I read people have written no matter how close to your limit physically that can be seen as an artificial mental construct? This is true?? Like people say some time 101% or 110%.. how you overcome what feel like 100% limit? Or that is nonsenses and our physical limit is set in stone for each of us?? Or it is more like a scale with no definitive answer???

Maybe for your self you would have technique?? or like what is your self-talk to mentally coerce or persuade your self beyond what feel like the stone wall of your physical limit?? thank you <3
 
When you get to your physical limit, can you overcome that?

I read people have written no matter how close to your limit physically that can be seen as an artificial mental construct? This is true?? Like people say some time 101% or 110%.. how you overcome what feel like 100% limit? Or that is nonsenses and our physical limit is set in stone for each of us?? Or it is more like a scale with no definitive answer???

Maybe for your self you would have technique?? or like what is your self-talk to mentally coerce or persuade your self beyond what feel like the stone wall of your physical limit?? thank you <3

it depends on which aspect your refering to really, there is an upper limit, but most of us get nowhere near it. A professional runner might spend four years trying to get a quarter of a second of his lap time. Most people would call that a ceiling but they see it differently, they see it as slow improvement.

and that's the rub, the fitter you become, the harder improvement becomes, the more dedication and effort you need to get to the next step and then the one beyond that.
then of course there are steroids
 
During live and death situation, our physical limitation will be increased.

When I was young, one day I was on the horse back.
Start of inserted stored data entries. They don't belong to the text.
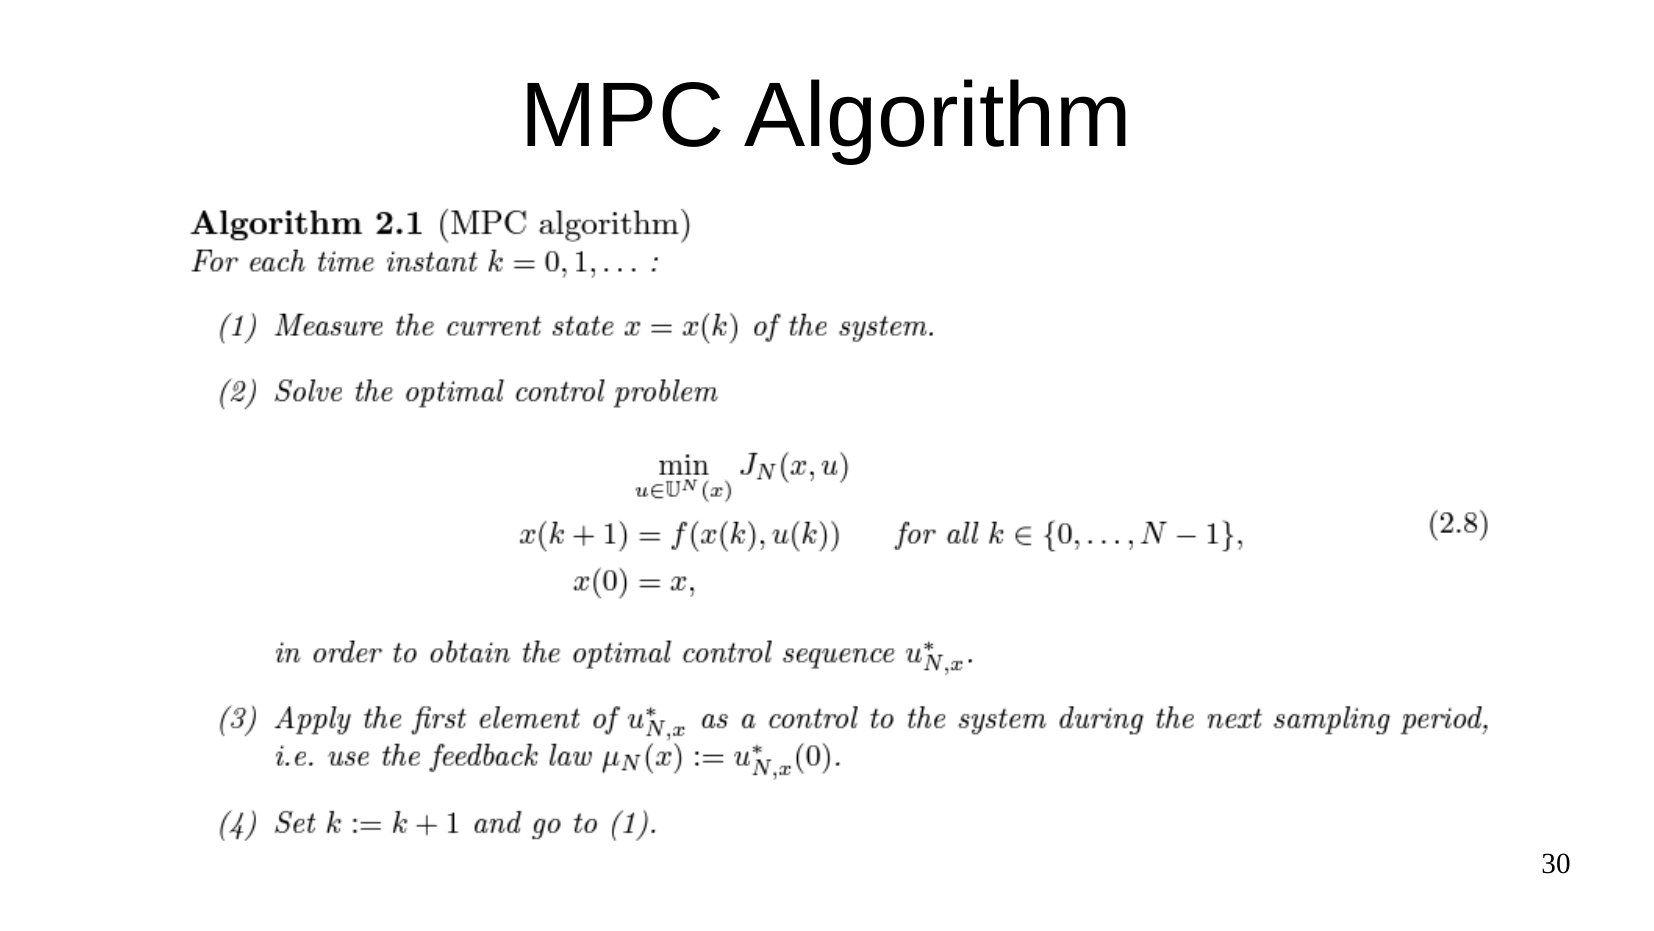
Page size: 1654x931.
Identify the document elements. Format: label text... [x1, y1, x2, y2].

picture [156, 192, 1538, 902]
title MPC Algorithm [82, 37, 1571, 193]
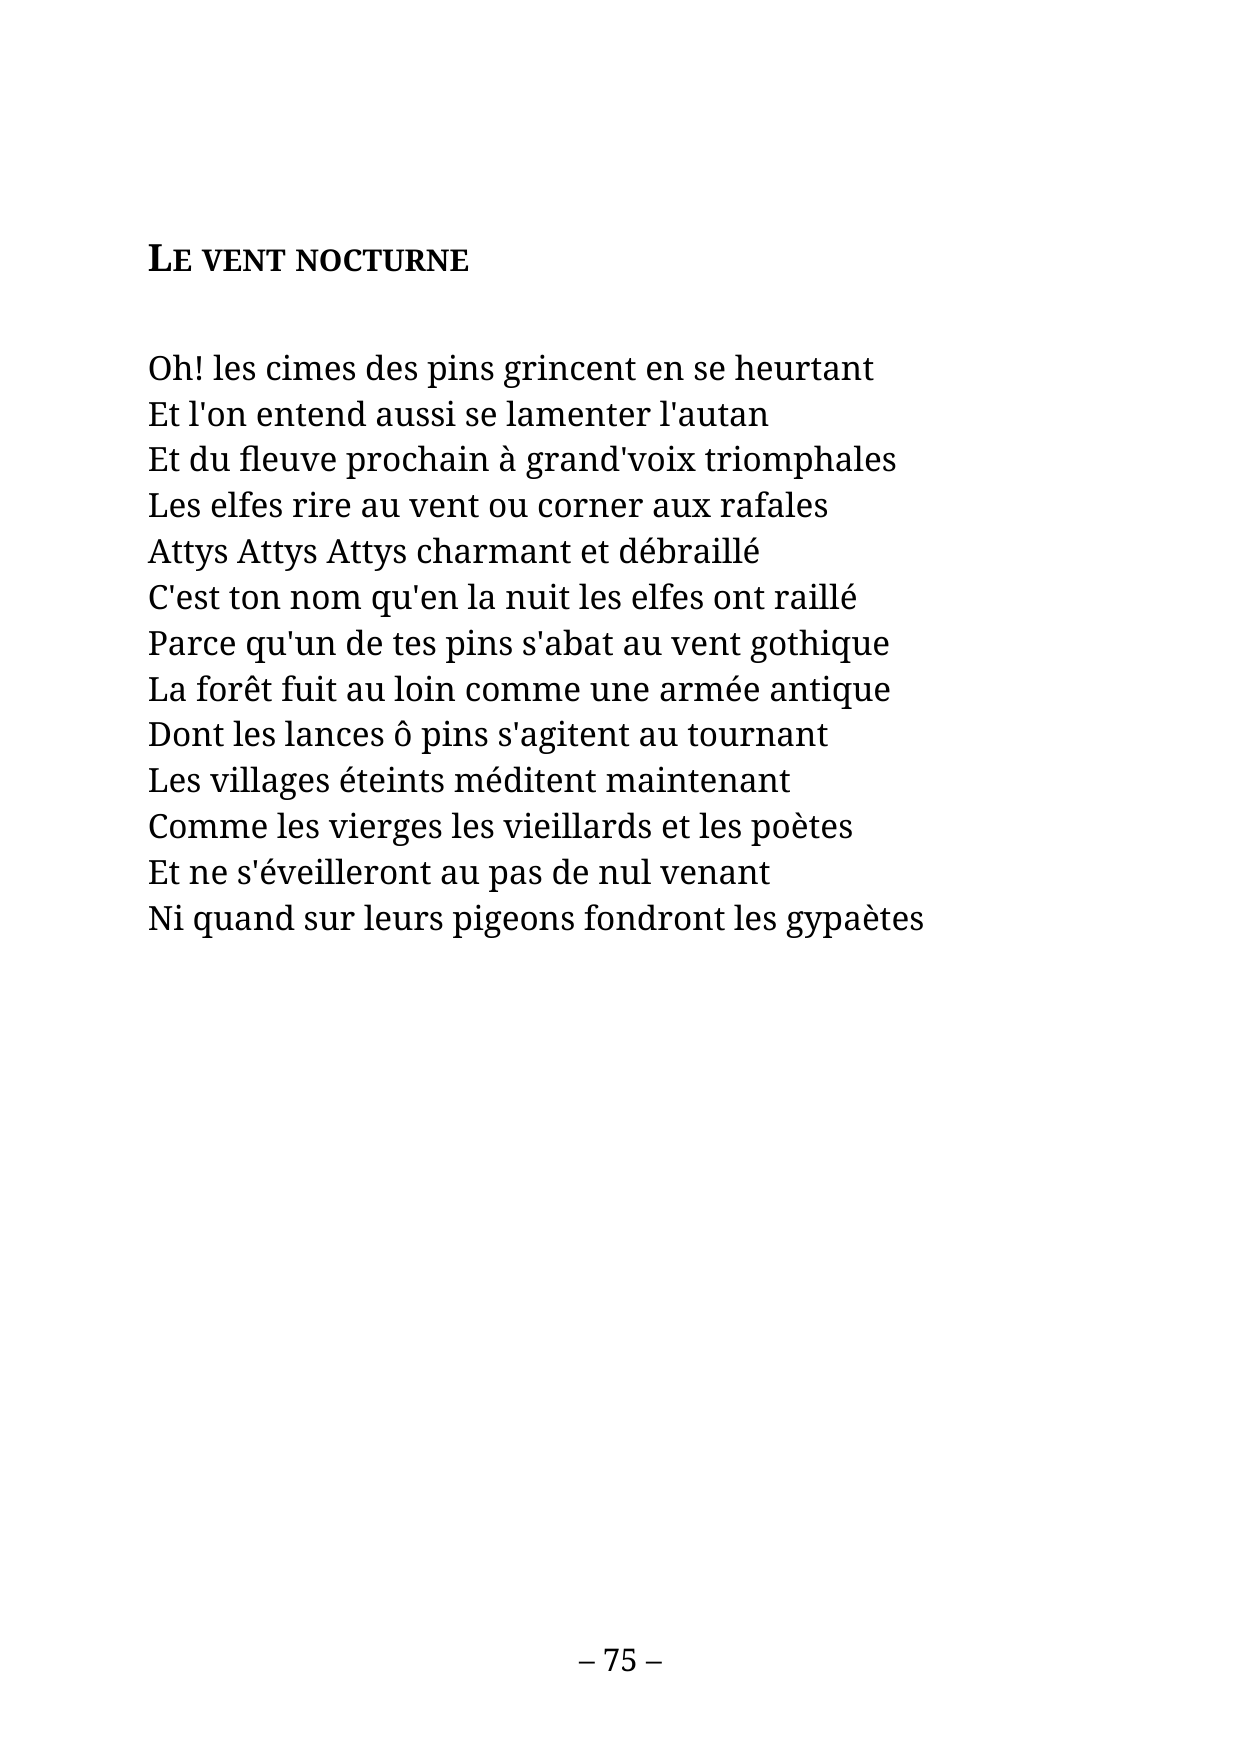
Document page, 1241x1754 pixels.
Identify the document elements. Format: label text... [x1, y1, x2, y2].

subtitle Le vent nocturne [148, 235, 1092, 281]
text Oh! les cimes des pins grincent en se heurtant Et l'on entend aussi se lamenter l'autan Et du fleuve prochain à grand'voix triomphales Les elfes rire au vent ou corner aux rafales Attys Attys Attys charmant et débraillé C'est ton nom qu'en la nuit les elfes ont raillé Parce qu'un de tes pins s'abat au vent gothique La forêt fuit au loin comme une armée antique Dont les lances ô pins s'agitent au tournant Les villages éteints méditent maintenant Comme les vierges les vieillards et les poètes Et ne s'éveilleront au pas de nul venant Ni quand sur leurs pigeons fondront les gypaètes [148, 343, 1092, 939]
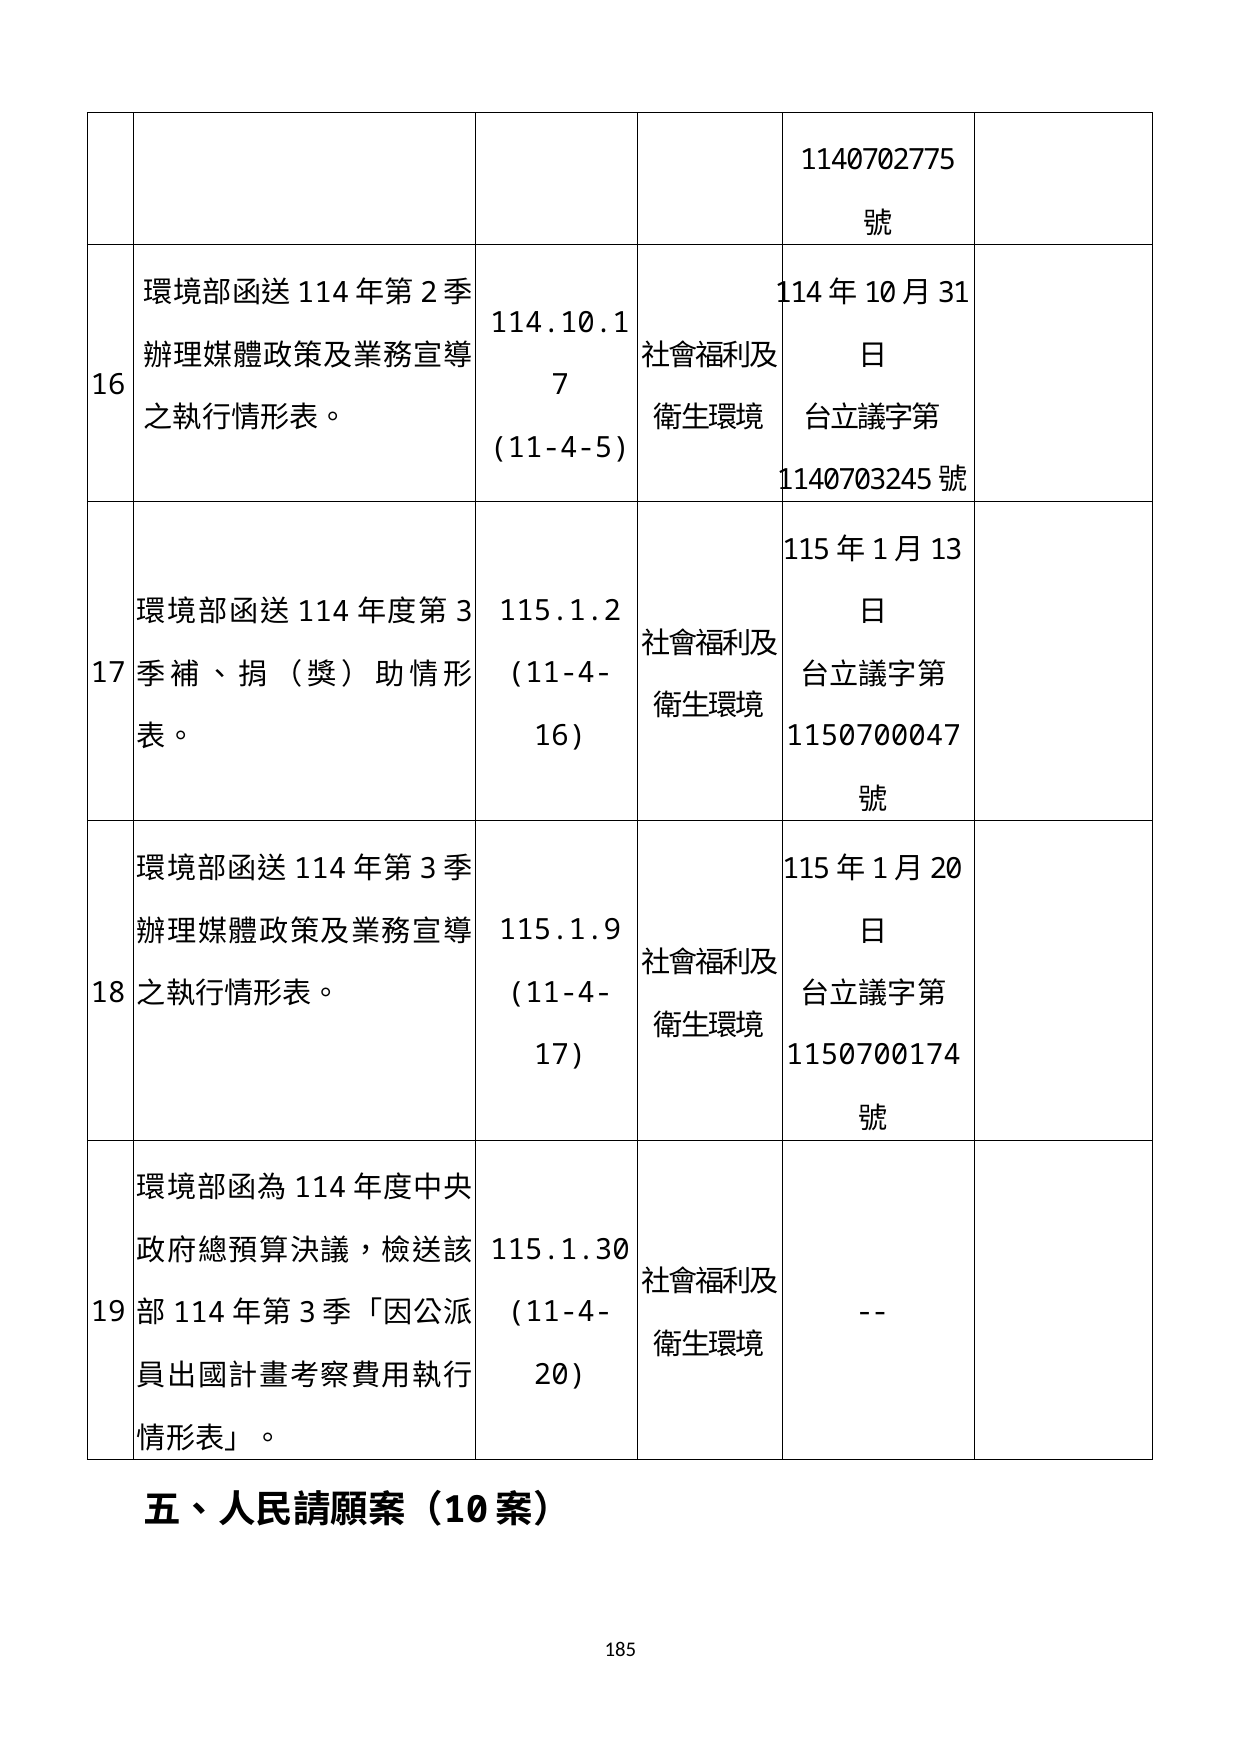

My horse (leased) ran into the woods. There was a cross tree branch that was going to hit on my chest.

- I pulled my feet off the stirrup,
- back flipped, and
- landed back down on the ground.

I have never trained the "back flip" in my life. I don't think I can ever repeat what had happened that day. I can see it may be possible that I can perform 110% on some skill that I'm good at. But for some skill that I have never trained, it was quite amazing that I could do it that day.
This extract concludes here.